Eventually, they reach the leper colony, where they are treated extremely well. They now have a place to sleep, new clothes, food every day, and they have some respect because they are working with the doctors. But even here, Ernesto is bothered by the division between the doctors and patients. At the leper colony, even though leprosy is not contagious under treatment, the Amazon river divides the living quarters of the lepers from the quarters of the caregivers, and the nuns who run the camp insist that all the caregivers wear gloves when working with the sick. As Ernesto points out, this is clearly just symbolic, and he chooses not to do so. Symbolic of what? Of the division of people, despite the fact that the damger is artificial. It reflects his compassion toward the sick people of the South American countries, lost and ignored by a government that treats them like lepers. This is very profound. he makes good friends through being compassionate to the sick, even engaging them in a soccer game. When the nuns refuse to serve him lunch with the lepers, his patients steal food for him to eat.

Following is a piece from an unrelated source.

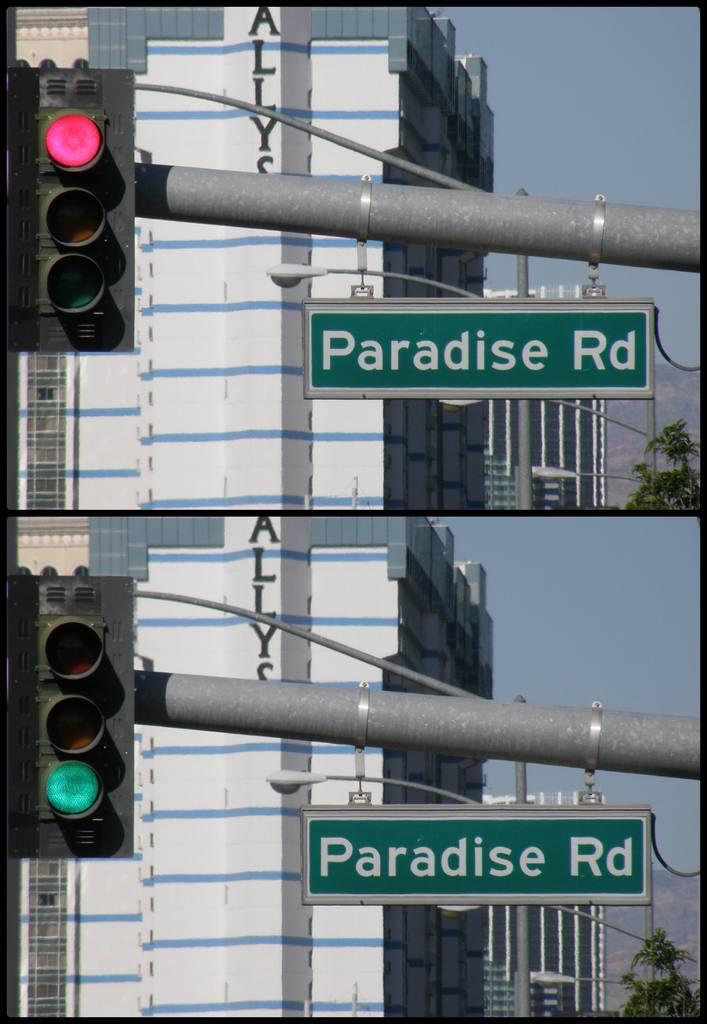What road is this?
Give a very brief answer. Paradise. What is written on the building?
Offer a terse response. Allys.

When they are going to leave the next day after a few weeks at the camp, it is Ernesto's birthday, and in the midst of a joyful party on the "staff side" of the river, he takes off swimming across the Amazon (an extremely dangerous endeavor) for the "sick side" to celebrate with and say goodbye to his sick friends.

After the leper colony, Ernesto's friend, who shares his ideals but has a plan for settling down (he is older after all), go back to work in a famous hospital, and Ernesto admits that he has been changed by the trip and may not be ready to go back to medical school yet. We know from history that this means he is feeling the seeds of the revolution in which he will become a major figure. The injustice you see in this movie is amazing, startling, and moving. It is hard for us to understand it in North America, but the political conditions in Latin America at that time were intense and dangerous. The social climate was extremely delicate, and after that time, many fascist governments were overcome by revolution. When you see what Che Guevara sees, you are inspired and you feel what he feels. It is very impressive and it makes you want to do something. This movie is both heartwarming and alarming, and I recommend it to anyone who wants some food for thought about life, justice, and standing for something.